It is not my place to tell someone how to feel when they are dying. I never try to fix or change their mindset, and rarely am I asked to. I have come to realize over the years of doing this work, and bearing witness to many last breaths, that what they feel about their life and their death is not about me. And who they are, who they were, and what they might have done… is not for me to judge.
Some want to share about their families, their accomplishments, and what they hope to be remembered for. I hear a lot of very personal and private last thoughts, and while this may or may not surprise you, sometimes people do not say beautiful things or reminisce about a life well-lived. And it is those confessions that I find myself most drawn to; it feels as though I am being handed over deep truths that have never been said before, the oftentimes dark secrets that most people think they will take to their grave but at the end of their life… don’t want to.
Sometimes I feel like they need to share their thoughts and feelings before they die, as though it is a release of any negative or dark energy that they do not want to take with them. I always create a safe place for that, allowing them to feel comfortable sharing stuff that most people, including myself, might not want to admit.
What I am made most aware of, is how many people have lied, stolen, cheated, and caused physical harm, all of which those who love them would be very surprised to hear. But this to me makes them human. I have done things in my lifetime, which of course I regret, but it doesn’t define me, which is what I always try to tell them as they share their secrets, hoping to free themselves from guilt or regret.
I was sitting with a woman who was moments from her last breath, and very conscious and awake. I could tell something was wrong, she seemed anxious and on edge, in fact it looked to me as though she were bursting to shout her feelings. I asked her if there was something she wanted to say. She said there was and asked me to promise never to tell a soul. (I asked if I could write about it one day, she said I could as long as I never revealed her name.) She shared that she loved her husband of sixty-two years very much, that they had a happy marriage, but she was secretly in love with his brother their entire marriage. After she said it out loud, I could tell she felt relief. I didn’t pass judgment, I simply asked her to tell me more about him, which she did. He loved her too; it was their deep dark secret. They never acted on it, and they never told anyone. She said I was the only one who would ever know. Both men had died before her.
She died a few minutes after sharing her truth… and did not take it with her, which I believe freed her from the guilt she felt.
I had another woman, a mother of five, tell me she had a daughter when she was a teenager, who reached out to her a few years before. She never told her family, but the two of them built a relationship over the last few years, and she asked me to deliver a letter to her. I felt like the keeper of a secret, one that I could never share with her family, but one I knew was handed over with trust, and I didn’t take that lightly. After she died, I hand delivered the letter to her daughter, who invited me in for coffee and shared with me their last few years together.
This reminds me that we are all human, we make mistakes, we feel things deeply which we sometimes cannot act on or talk about, and we can often be riddled with guilt. But does this make us bad? No. I can completely understand the need for them to release what they have held on to so tightly before they take their last breath. I am honored they trust me to do this with, but then I am left holding a secret, one I cannot share.

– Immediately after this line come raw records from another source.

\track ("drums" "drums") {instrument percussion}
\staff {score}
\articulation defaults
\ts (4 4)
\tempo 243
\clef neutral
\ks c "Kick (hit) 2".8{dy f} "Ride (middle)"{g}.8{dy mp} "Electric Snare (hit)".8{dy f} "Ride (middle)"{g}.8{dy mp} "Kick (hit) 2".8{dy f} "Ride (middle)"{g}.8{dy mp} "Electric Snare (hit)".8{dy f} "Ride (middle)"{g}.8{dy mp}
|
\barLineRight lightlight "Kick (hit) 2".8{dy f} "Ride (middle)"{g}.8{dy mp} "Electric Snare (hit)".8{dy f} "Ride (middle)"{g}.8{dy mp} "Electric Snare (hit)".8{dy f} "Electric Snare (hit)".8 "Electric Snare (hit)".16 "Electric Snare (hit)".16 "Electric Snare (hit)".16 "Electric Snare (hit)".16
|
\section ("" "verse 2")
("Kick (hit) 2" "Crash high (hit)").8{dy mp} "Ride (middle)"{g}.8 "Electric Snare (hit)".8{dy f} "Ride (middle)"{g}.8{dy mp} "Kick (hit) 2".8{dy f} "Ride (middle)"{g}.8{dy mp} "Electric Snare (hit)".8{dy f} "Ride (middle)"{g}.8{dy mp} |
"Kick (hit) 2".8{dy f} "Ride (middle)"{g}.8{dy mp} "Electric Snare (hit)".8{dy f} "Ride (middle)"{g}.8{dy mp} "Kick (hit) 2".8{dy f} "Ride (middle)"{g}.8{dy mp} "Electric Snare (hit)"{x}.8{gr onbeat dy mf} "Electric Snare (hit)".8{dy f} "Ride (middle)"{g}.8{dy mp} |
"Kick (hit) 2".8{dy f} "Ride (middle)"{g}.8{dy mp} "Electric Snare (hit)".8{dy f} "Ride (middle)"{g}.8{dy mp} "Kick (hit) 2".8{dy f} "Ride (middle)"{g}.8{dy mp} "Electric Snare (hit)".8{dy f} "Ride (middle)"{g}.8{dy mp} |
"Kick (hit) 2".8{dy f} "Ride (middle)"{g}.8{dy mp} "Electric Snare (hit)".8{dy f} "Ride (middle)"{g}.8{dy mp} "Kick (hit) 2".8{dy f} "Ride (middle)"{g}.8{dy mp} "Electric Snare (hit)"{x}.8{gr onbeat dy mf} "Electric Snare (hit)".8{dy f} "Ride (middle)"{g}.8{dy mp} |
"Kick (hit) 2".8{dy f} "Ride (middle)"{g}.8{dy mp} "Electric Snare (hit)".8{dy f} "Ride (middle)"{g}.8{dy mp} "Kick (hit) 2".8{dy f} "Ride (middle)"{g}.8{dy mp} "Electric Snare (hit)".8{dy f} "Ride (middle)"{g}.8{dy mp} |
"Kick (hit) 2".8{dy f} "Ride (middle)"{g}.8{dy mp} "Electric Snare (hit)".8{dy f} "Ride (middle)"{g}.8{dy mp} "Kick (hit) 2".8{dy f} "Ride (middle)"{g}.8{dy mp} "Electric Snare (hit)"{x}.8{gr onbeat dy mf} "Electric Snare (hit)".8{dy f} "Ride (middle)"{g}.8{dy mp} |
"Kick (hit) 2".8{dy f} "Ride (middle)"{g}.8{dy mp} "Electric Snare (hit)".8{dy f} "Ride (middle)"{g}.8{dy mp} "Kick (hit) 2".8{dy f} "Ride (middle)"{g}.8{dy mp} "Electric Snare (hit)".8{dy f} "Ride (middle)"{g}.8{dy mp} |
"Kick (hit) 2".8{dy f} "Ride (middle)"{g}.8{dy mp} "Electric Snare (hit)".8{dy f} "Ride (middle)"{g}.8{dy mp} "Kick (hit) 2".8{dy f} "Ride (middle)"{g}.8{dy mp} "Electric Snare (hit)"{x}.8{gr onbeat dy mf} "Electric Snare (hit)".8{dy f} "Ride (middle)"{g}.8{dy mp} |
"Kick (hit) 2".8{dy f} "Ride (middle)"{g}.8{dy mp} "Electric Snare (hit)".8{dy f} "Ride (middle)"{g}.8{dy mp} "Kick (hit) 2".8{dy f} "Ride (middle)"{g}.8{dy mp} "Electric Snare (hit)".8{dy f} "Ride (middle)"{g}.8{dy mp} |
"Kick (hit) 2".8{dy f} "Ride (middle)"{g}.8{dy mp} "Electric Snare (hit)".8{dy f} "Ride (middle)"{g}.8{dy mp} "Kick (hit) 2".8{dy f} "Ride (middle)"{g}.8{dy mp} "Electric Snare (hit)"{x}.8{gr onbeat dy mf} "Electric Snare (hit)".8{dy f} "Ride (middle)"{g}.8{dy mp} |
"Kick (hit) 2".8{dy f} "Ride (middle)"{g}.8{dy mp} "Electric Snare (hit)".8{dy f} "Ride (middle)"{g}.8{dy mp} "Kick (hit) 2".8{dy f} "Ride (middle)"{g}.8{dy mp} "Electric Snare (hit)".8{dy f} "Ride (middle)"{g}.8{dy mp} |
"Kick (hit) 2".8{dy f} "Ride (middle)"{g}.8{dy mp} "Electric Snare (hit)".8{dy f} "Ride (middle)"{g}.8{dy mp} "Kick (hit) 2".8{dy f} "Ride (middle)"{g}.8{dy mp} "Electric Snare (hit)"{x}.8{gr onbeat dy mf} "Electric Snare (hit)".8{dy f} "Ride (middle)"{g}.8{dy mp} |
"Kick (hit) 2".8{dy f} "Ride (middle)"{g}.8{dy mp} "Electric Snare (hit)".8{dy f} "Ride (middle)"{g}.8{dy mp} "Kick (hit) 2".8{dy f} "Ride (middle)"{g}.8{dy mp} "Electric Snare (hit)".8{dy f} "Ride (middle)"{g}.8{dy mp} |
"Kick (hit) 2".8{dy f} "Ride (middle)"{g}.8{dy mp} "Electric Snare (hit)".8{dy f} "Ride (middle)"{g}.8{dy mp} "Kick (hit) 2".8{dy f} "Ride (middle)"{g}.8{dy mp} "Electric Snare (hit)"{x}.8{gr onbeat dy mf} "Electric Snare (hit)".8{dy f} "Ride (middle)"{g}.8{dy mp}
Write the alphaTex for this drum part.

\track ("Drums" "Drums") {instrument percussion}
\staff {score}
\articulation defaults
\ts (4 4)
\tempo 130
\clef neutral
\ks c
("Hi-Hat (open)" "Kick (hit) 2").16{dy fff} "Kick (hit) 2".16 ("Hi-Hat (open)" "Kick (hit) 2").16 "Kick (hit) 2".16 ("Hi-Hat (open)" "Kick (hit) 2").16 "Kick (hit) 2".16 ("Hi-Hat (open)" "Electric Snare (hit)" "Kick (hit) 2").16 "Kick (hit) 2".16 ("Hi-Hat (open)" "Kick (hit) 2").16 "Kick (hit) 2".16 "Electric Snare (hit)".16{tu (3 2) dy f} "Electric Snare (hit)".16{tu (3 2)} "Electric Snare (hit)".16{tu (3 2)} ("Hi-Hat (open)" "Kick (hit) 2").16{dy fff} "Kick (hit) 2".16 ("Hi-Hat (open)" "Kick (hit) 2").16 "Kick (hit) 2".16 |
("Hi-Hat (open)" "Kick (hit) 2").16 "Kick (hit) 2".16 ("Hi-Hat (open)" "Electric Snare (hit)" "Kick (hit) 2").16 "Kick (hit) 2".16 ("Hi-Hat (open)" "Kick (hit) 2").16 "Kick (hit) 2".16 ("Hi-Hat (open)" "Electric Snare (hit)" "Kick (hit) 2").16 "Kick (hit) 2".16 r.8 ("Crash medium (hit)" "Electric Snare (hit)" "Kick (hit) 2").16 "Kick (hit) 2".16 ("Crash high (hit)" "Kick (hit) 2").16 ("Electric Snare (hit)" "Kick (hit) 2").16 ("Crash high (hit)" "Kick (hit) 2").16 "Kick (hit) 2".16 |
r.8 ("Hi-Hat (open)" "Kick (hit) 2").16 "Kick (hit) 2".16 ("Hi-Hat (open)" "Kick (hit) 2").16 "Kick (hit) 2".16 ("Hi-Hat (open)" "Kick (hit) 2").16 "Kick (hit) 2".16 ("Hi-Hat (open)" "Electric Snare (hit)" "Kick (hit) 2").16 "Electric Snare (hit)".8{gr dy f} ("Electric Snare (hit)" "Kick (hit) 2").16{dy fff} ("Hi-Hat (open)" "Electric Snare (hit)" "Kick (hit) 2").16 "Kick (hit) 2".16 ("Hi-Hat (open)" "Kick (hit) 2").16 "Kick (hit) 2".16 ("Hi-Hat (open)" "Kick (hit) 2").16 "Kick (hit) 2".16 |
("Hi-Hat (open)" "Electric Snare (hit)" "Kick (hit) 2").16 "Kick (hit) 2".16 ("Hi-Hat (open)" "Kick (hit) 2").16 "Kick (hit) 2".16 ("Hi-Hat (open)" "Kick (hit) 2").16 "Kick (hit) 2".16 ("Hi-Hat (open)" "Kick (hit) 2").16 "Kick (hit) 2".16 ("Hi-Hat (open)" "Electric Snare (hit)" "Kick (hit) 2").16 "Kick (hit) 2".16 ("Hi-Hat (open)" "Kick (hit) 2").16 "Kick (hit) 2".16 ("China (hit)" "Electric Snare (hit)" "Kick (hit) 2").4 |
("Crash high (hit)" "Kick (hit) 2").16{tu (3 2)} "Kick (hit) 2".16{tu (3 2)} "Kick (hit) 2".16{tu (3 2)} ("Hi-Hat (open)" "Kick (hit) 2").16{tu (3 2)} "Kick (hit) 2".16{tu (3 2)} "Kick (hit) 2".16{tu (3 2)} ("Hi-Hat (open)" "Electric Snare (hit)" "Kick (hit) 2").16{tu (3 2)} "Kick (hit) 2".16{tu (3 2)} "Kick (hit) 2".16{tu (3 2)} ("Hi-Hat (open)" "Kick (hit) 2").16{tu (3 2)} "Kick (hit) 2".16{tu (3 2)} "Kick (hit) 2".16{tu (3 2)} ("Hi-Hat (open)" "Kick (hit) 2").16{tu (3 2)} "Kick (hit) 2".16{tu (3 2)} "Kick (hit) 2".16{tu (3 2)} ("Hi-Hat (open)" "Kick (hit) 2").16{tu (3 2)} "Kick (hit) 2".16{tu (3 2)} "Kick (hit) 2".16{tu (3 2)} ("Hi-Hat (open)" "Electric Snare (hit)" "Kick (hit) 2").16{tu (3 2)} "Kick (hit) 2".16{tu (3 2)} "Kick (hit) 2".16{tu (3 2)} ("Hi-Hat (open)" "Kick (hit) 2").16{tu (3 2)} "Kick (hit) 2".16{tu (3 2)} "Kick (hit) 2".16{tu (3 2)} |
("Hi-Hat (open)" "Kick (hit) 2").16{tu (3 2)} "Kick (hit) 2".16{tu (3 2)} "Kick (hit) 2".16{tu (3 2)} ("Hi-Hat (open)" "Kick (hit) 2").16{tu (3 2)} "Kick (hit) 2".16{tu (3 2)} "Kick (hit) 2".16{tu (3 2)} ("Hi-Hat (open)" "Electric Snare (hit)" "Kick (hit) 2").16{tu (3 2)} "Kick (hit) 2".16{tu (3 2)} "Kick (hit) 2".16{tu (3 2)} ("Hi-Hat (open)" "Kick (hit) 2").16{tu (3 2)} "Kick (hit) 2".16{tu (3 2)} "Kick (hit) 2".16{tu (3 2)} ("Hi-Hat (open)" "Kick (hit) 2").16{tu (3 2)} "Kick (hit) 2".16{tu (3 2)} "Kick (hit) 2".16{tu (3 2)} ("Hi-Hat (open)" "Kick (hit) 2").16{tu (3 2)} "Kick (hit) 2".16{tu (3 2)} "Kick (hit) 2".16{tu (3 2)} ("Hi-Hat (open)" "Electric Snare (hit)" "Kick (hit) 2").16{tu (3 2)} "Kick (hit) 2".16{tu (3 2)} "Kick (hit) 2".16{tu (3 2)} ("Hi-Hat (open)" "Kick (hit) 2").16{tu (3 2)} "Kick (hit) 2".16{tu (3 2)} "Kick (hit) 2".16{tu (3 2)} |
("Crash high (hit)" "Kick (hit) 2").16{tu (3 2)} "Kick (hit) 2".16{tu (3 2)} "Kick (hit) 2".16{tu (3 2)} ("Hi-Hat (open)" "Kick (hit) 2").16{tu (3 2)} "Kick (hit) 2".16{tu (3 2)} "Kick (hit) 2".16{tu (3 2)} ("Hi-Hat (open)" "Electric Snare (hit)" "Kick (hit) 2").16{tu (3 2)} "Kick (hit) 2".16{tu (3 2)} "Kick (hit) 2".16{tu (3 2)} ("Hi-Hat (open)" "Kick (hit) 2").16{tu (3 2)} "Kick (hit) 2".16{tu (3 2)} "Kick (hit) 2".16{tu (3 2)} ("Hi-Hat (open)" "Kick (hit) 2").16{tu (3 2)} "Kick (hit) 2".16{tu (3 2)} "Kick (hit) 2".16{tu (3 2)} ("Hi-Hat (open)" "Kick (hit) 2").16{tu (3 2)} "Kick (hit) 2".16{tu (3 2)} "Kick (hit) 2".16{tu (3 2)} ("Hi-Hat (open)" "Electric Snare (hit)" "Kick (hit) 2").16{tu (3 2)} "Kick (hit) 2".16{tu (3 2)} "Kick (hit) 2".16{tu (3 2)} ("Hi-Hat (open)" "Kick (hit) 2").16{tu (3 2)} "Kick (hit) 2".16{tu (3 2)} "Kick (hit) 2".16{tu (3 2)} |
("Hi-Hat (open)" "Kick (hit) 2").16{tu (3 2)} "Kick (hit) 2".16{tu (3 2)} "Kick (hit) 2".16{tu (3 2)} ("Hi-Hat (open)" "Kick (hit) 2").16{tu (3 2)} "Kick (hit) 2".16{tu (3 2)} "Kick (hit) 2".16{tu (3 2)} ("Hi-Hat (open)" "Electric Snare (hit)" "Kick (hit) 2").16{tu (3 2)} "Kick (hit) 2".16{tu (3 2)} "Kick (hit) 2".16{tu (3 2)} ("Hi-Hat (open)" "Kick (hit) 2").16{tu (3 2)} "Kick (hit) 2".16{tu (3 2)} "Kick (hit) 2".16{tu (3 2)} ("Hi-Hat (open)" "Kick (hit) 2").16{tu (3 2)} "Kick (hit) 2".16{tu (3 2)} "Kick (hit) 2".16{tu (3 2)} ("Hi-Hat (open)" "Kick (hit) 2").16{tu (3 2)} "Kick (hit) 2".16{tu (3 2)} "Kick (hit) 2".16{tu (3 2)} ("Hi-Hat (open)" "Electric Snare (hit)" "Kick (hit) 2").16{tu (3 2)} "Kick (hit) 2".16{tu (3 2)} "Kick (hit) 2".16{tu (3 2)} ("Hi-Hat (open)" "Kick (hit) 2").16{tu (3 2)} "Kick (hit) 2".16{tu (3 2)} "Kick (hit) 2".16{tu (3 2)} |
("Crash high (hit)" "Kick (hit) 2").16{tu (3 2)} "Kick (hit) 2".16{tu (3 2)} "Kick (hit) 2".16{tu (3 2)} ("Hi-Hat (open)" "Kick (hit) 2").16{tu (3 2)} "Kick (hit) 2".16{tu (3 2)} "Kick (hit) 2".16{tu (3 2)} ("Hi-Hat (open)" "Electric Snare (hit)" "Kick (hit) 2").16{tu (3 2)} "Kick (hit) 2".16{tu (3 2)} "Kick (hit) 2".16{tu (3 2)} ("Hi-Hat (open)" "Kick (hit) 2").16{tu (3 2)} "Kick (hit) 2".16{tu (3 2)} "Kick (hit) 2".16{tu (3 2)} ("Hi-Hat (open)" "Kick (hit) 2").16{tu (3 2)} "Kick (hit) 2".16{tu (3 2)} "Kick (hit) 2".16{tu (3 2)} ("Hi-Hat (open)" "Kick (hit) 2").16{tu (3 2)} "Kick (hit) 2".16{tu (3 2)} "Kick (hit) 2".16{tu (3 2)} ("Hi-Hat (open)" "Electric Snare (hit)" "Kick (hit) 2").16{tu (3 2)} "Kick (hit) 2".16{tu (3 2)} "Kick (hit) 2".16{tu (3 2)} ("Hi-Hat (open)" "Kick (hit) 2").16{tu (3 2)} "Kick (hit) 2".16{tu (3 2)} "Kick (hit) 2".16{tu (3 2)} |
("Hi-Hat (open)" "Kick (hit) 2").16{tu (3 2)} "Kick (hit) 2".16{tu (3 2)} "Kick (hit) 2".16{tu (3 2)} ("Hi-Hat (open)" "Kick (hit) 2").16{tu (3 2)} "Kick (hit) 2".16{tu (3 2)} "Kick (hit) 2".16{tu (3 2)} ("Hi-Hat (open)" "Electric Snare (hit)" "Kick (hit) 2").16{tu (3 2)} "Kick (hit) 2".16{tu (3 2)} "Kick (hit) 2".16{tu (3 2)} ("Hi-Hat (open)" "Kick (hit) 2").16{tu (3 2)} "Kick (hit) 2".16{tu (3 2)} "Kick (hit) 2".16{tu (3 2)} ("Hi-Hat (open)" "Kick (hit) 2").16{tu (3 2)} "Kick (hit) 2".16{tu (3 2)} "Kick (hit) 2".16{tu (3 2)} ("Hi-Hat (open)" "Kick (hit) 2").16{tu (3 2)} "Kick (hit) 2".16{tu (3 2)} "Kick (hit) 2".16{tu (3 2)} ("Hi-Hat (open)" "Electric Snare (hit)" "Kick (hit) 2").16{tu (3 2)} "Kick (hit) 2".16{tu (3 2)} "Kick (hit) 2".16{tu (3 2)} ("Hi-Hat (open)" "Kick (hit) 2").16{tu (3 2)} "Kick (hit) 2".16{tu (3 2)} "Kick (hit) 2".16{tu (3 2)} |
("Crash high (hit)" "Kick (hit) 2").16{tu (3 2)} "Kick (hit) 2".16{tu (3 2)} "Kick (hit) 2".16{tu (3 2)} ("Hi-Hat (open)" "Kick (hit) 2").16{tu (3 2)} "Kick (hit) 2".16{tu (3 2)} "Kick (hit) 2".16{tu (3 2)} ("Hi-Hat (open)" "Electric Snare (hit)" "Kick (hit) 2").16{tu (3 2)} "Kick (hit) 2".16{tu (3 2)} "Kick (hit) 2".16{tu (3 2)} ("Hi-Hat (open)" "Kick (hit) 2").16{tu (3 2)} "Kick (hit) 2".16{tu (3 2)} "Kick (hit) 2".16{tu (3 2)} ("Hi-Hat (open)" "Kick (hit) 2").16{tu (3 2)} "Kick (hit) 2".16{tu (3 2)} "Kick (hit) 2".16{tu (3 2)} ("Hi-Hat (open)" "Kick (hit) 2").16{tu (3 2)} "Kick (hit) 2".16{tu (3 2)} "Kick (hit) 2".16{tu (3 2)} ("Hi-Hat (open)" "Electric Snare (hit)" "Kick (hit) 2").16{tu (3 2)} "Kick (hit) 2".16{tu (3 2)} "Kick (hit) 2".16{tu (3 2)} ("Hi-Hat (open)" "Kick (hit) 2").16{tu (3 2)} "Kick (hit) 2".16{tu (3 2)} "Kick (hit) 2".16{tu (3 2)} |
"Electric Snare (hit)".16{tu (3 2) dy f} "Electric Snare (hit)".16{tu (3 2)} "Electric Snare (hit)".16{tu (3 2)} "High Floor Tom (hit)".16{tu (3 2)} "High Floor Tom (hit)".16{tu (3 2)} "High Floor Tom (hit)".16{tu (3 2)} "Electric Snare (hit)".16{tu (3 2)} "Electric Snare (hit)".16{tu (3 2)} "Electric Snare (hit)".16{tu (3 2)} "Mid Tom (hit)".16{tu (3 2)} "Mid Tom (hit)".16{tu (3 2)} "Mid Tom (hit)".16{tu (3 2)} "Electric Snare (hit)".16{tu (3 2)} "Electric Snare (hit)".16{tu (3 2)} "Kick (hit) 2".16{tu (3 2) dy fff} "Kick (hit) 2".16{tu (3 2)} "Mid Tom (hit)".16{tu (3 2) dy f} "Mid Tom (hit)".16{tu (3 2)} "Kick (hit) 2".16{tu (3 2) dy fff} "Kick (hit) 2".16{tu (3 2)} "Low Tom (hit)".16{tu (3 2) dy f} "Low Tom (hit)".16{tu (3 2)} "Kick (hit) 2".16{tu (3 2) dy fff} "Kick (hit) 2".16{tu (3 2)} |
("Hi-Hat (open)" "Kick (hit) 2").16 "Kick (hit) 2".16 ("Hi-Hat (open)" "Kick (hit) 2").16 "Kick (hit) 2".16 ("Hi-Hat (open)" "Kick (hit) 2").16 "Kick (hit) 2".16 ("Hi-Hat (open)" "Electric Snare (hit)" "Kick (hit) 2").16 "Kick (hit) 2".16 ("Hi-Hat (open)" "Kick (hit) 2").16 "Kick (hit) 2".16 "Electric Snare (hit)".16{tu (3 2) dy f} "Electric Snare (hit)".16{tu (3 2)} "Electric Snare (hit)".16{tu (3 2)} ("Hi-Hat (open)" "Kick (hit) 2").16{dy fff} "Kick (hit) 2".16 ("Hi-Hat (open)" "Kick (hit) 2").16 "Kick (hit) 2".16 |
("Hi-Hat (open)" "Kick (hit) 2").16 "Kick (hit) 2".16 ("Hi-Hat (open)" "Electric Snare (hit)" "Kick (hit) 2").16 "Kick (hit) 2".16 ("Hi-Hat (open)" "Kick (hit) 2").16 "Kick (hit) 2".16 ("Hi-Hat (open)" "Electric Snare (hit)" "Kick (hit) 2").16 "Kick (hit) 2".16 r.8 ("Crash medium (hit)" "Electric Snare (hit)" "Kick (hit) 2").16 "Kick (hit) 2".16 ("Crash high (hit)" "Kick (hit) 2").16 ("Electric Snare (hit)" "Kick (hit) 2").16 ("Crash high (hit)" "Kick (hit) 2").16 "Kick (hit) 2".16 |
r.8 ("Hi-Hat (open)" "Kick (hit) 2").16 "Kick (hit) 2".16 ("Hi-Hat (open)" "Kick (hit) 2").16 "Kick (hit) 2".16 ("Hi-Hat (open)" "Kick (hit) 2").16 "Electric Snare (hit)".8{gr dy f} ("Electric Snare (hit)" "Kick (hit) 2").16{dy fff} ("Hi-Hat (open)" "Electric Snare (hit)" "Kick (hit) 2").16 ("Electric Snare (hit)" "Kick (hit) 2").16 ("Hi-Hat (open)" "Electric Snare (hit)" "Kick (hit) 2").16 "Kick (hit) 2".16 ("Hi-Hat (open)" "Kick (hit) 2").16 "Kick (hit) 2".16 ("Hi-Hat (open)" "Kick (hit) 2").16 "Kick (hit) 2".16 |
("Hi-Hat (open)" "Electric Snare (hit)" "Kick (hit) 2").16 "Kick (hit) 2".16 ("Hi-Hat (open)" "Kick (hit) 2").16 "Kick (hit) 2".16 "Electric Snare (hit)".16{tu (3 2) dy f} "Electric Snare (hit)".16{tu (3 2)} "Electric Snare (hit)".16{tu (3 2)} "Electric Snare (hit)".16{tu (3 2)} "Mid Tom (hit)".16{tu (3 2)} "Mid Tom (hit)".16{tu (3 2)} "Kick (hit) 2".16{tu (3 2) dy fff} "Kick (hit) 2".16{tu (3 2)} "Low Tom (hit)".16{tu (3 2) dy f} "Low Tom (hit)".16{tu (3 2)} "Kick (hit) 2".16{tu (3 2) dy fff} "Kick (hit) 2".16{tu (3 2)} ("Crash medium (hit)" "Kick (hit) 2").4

I do a ritual now when someone confides in me, when they hand over that which cannot go with them. I create the safe place for them, and I give them permission to tell me whatever they need to. And then, after last breaths have been taken and I go home, I light a candle for them. I sit with the candle for a few minutes and honor them, thanking them for trusting me to be there with them, and I hand over the secrets I was keeping for them and ask the candle and the flame to take them from me. I too need to release them. They were not mine to hold on to. I am a temporary secret keeper… I then offer it to the flame asking it to take it to an even safer place, truly locking it away in a vault that can never be re-opened. And when I blow out the candle, I watch the smoke until it is gone, and I know that the secret is safe.
The secret keeper is told the things no one ever wants anyone else to know. But they can only tell it to the person who will not judge them, who reminds them their secrets do not define them, and who gives them permission to let it all go.